Authors
Michael Niemeyer, Jonathan T. Barron, Ben Mildenhall, Mehdi S. M. Sajjadi, Andreas Geiger, Noha Radwan
Max Planck Institute for Intelligent Systems; University of Tubingen; Google Research
Portals
Abstract
Neural Radiance Fields (NeRF) have emerged as a powerful representation for the task of novel view synthesis due to their simplicity and state-of-the-art performance. Though NeRF can produce photorealistic renderings of unseen viewpoints when many input views are available, its performance drops significantly when this number is reduced. We observe that the majority of artifacts in sparse input scenarios are caused by errors in the estimated scene geometry, and by divergent behavior at the start of training.
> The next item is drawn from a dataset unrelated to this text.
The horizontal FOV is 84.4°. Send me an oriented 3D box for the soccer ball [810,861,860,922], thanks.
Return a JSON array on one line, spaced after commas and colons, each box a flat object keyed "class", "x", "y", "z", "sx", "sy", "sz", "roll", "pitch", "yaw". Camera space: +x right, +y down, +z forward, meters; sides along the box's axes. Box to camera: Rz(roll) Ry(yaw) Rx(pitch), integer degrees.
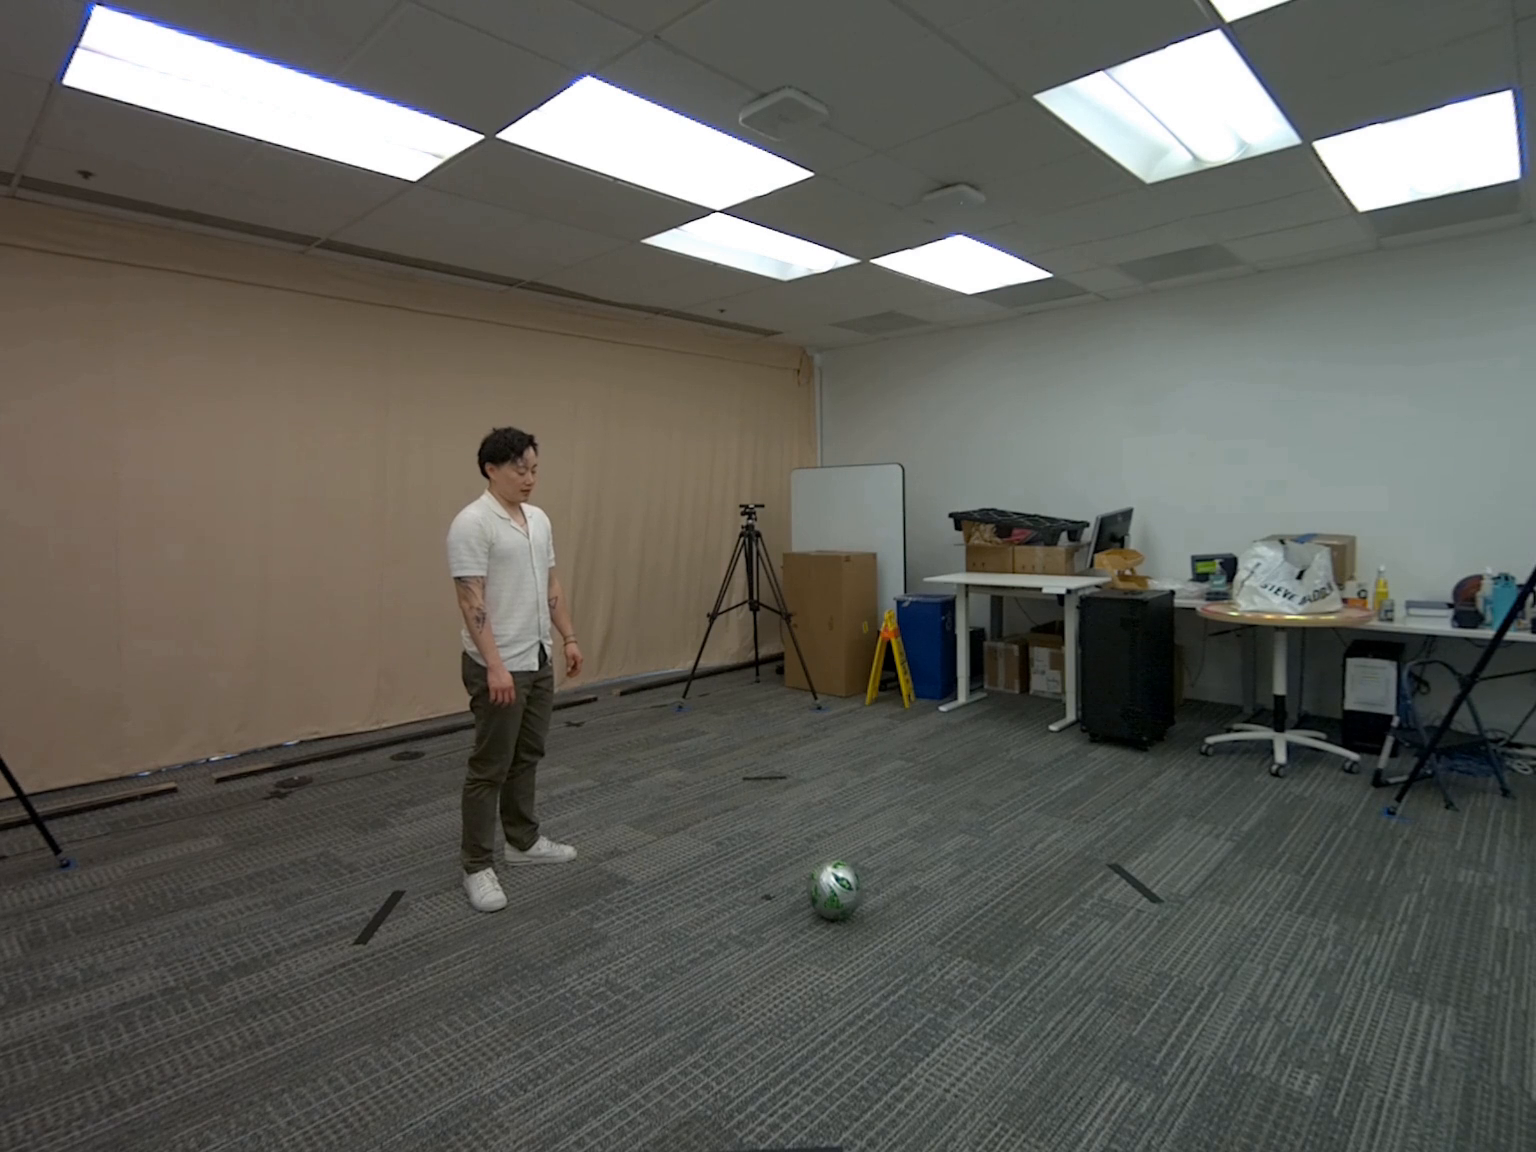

We address this by regularizing the geometry and appearance of patches rendered from unobserved viewpoints, and annealing the ray sampling space during training. We additionally use a normalizing flow model to regularize the color of unobserved viewpoints. Our model outperforms not only other methods that optimize over a single scene, but in many cases also conditional models that are extensively pre-trained on large multi-view datasets.
Contribution
- A patch-based regularizer for depth maps rendered from unobserved viewpoints, which reduces floating artifacts and improves scene geometry
- A normalizing flow model to regularize the colors predicted at unseen viewpoints by maximizing the loglikelihood of the rendered patches and thereby avoid color shifts between different views
- An annealing strategy for sampling points along the ray, where we first sample scene content within a small range before expanding to the full scene bounds which prevents divergence early during training
Related Works
Neural Representations; Sparse Input Novel-View Synthesis
Overview
NeRF optimizes the reconstruction loss for a given set of input images. For sparse inputs, however, this leads to degenerate solutions. In this work, we propose to sample unobserved views and regularize the geometry and appearance of patches rendered from those views. More specifically, we cast rays through the scene and render patches from unobserved viewpoints for a given radiance field f?. We then regularize appearance by feeding the predicted RGB patches through a trained normalizing flow model ? and maximizing predicted log-likelihood. We regularize geometry by enforcing a smoothness loss on the rendered depth patches. Our approach leads to 3D-consistent representations even for sparse inputs from which realistic novel views can be rendered.